**Assignment:**
Write the records out again, exactly as they stand below.

**Records from a dataset:**
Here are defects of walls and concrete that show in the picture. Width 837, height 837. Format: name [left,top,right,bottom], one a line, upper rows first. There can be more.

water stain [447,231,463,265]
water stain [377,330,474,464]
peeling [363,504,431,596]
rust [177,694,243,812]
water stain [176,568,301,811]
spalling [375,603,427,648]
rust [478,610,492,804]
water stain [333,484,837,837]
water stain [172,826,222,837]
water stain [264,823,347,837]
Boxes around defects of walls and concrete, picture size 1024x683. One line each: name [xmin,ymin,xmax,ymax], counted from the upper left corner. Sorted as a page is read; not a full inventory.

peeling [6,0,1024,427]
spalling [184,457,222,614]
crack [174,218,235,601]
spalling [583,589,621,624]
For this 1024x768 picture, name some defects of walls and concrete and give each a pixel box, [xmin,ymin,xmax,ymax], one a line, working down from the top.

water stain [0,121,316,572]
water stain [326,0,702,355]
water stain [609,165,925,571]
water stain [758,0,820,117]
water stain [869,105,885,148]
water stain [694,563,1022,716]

**Your response:**
Here are defects of walls and concrete that show in the picture. Width 837, height 837. Format: name [left,top,right,bottom], one a line, upper rows first. There can be more.

water stain [447,231,463,265]
water stain [377,330,474,464]
peeling [363,504,431,596]
rust [177,694,243,812]
water stain [176,568,301,811]
spalling [375,603,427,648]
rust [478,610,492,804]
water stain [333,484,837,837]
water stain [172,826,222,837]
water stain [264,823,347,837]
Boxes around defects of walls and concrete, picture size 1024x683. One line each: name [xmin,ymin,xmax,ymax], counted from the upper left corner. Sorted as a page is read; not a full inventory.

peeling [6,0,1024,427]
spalling [184,457,222,614]
crack [174,218,235,601]
spalling [583,589,621,624]
For this 1024x768 picture, name some defects of walls and concrete and give each a pixel box, [xmin,ymin,xmax,ymax], one a line, working down from the top.

water stain [0,121,316,572]
water stain [326,0,702,355]
water stain [609,165,925,571]
water stain [758,0,820,117]
water stain [869,105,885,148]
water stain [694,563,1022,716]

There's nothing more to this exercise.